None of the players is Catholic, but that was rather unimportant as well. Typical small-town spirit is alive here, and the many interlocking ties easily cross denominational lines.

“I’ve seen pastors from three other churches here tonight,” said Knight Fred Obermeier later in the evening. A lot of their congregants were there, too.

The team connected with the Knights thanks to Laree Christiansen, a paraprofessional at Prairie View and a parishioner of Our Lady of Lourdes. She brings the students to the church to clean it as part of a work-study program, said Cheryl Kratzberg, team coach, as well as a Level Four teacher and member of St. John Parish in Greeley.

While on such a trip, Christiansen visited with a Knight about the team’s need to raise funds for the tournament.

“They have a good attitude and they like to play,” said Kratzberg.

“We have a couple of tall guys on our team who are rebounders, and we’re in it for the fun. It doesn’t matter if we win or lose.”

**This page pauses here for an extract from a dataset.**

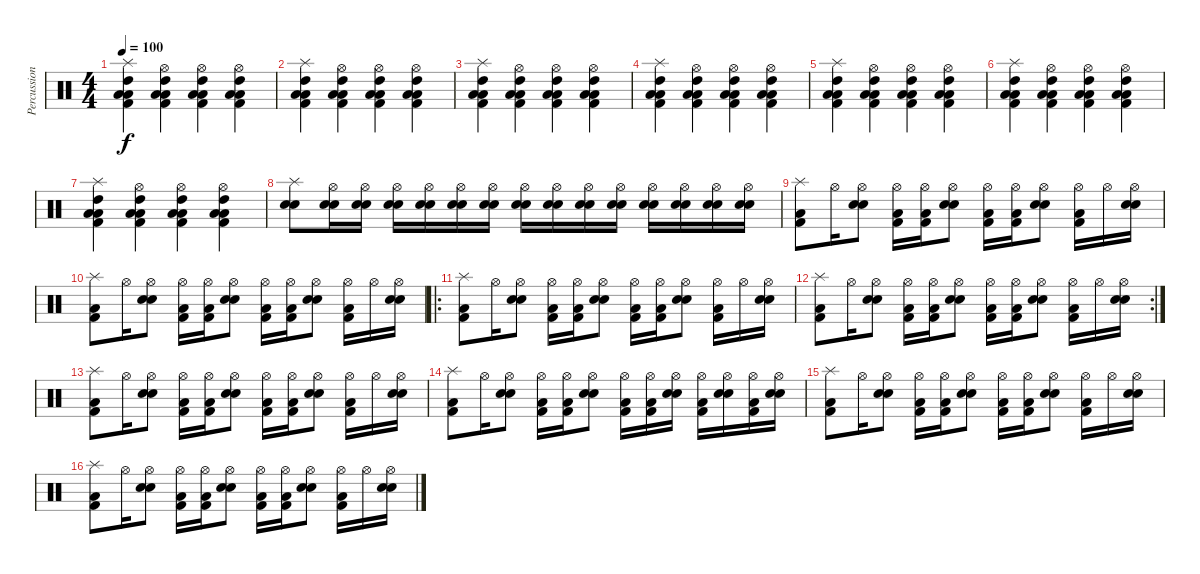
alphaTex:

The Knights gave the team $188 and decided to donate the proceeds from their next fish fry. It was a good evening. In the first hour, they raised $450. By evening’s end, the Knights took in $1,231.68. That 68 cents was very important, said Dean Horst, the council’s Grand Knight.

“One of the players insisted on paying for his own meal,” he said. “I think the 68 cents was all he had.”

“Our hope is to create opportunities of a lifetime for them,” said Chris Kleidosty, USD 362 superintendent, a Knight and member of Our Lady of Lourdes. “And it’s also about providing teaming activities, where the kids learn to get along with other kids and compete, and to be good sports — life skills.”

“It’s providing something they’ll remember for the rest of their lives,” he continued. “The Special Olympic games are really important for them, where those kids are in the limelight.”